3- Et pourquoi avoir choisi précisément cet espace du potager ? Et comment dialogue t-elle alors avec l’espace environnant ?

Après avoir visité le site, plusieurs possibilités étaient envisageables. Mais il m’est vite paru certain que le potager et notamment le bassin situé dans l’allée centrale était l’emplacement idéal. Peulven ( menhir en Breuton) est une sculpture qui reprend la silhouette d’un menhir, il se dresse de façon verticale dans le paysage et crée un lien entre le monde de la terre et l’au delà, un lien avec l’histoire du lieu et des hommes qui l’on habité. Sa symbolique ouvre les portes d’un monde métaphysique, il invoque des spectres, un ailleurs à la fois passé et présent, ici et autre part. Sa forme organique va, je l’espère, jouer le plus possible avec le monde vivant du potager,. Je veux qu’il soit ancré dans le lieux , comme si la pièce était là depuis toujours et en même temps que le spectateur se questionne sur son origine, sa signification.
Ce qui m’intéresse également c’est de ne pas dévoiler la pièce directement lorsqu’on arrive sur les lieux. Les plans ont été constitués de tel sorte que le dernier palier, celui du potager, ne soit pas visible du point le plus haut. La pièce s’invite au domaine de Valmer avec une certaine discrétion.

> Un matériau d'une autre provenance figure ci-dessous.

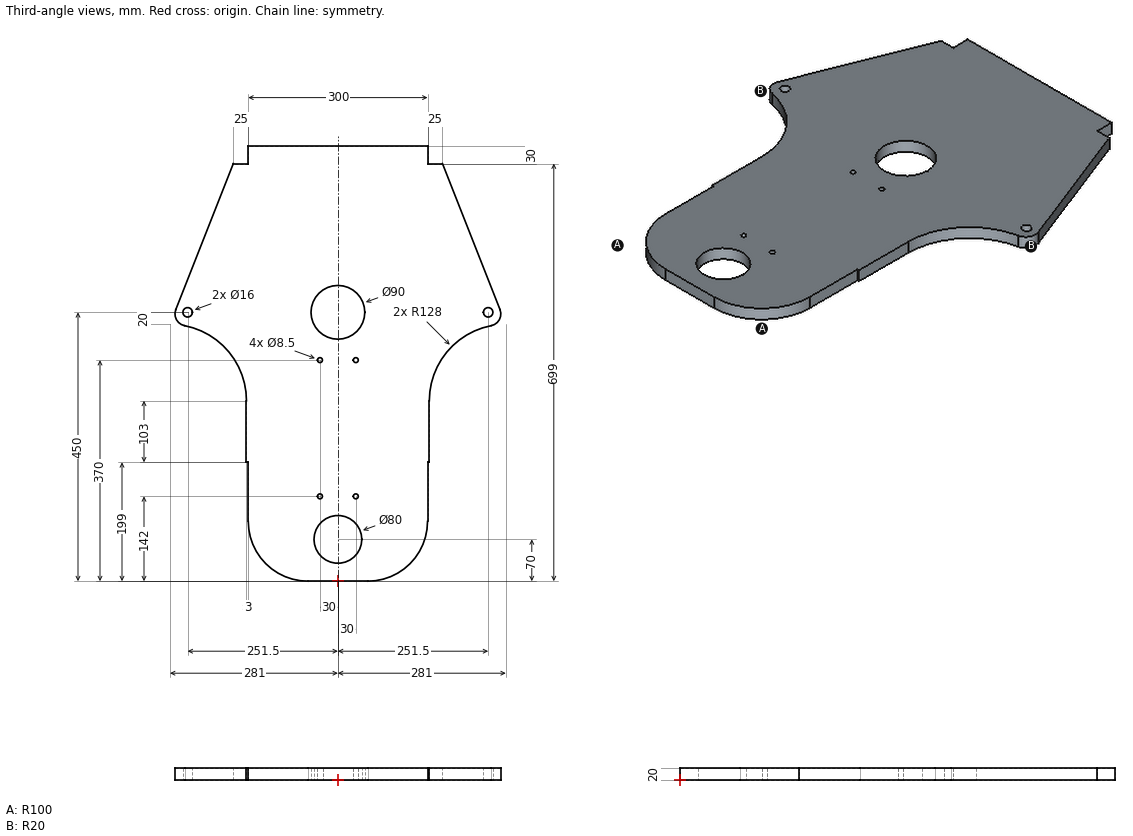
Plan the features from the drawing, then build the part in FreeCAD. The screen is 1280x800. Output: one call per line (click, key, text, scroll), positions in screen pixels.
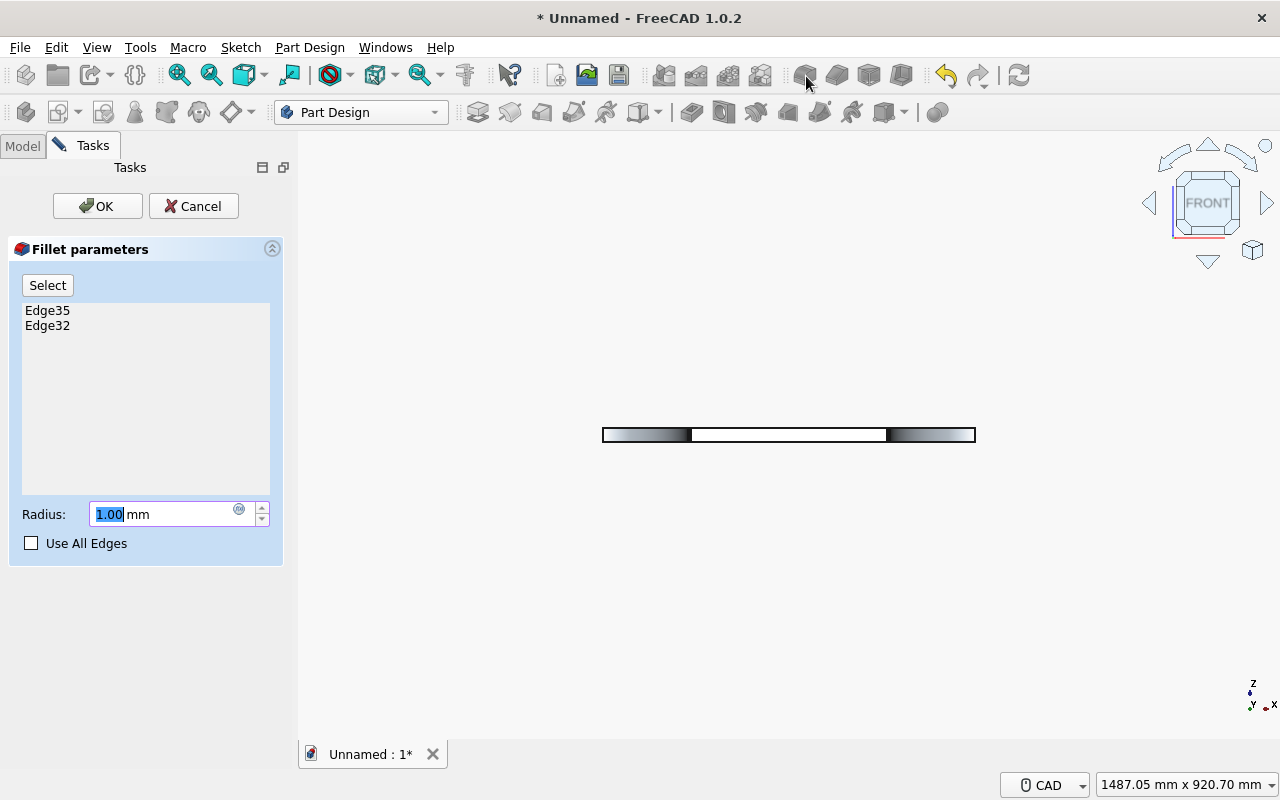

4- Dans cette sculpture se joue à la fois quelques chose de brute et organique, mais aussi d’une forme de préciosité, comment concilies-tu ces deux aspects qui peuvent paraître antagoniques ?

Exactement. Ce sont des termes récurrents dans mon travail. Je cherche toujours un juste équilibre entre une certaine préciosité, une apparence délicate et un procédé, une action plus brute, plus primitive. Je dis souvent que les points de tension qui habitent le coeur de mon travail sont la dualité entre nature et culture, pensée et instinct. Pour Peulven chaque fragment est réalisé de façon très brutale et très délicate. Je prends un morceaux d’argile et je le claque sur le sol afin d’obtenir une forme plane. Ce geste est très précis, il faut un peu de temps pour le maîtriser car l’argile est très sensible, et la terre peut se déchirer très facilement. Et lorsque le morceaux c’est fissuré vous ne pouvez plus le réutiliser, sinon il y a de forte chance qu’il éclate lors de la cuisson, notamment à cause des bulles d’air. Une fois la forme plate obtenue, je la jette et crée une forme la plus fluide possible. C’est là toute la contradiction et la magie de cette matière.
Ensuite je n’y touche plus et je la laisse séchée, puis je la fais cuire. Je répète donc ce geste sur chaque fragment, créant ainsi lorsqu’ils sont mis côte à côte une peau fossilisée, minérale organique, presque vivante.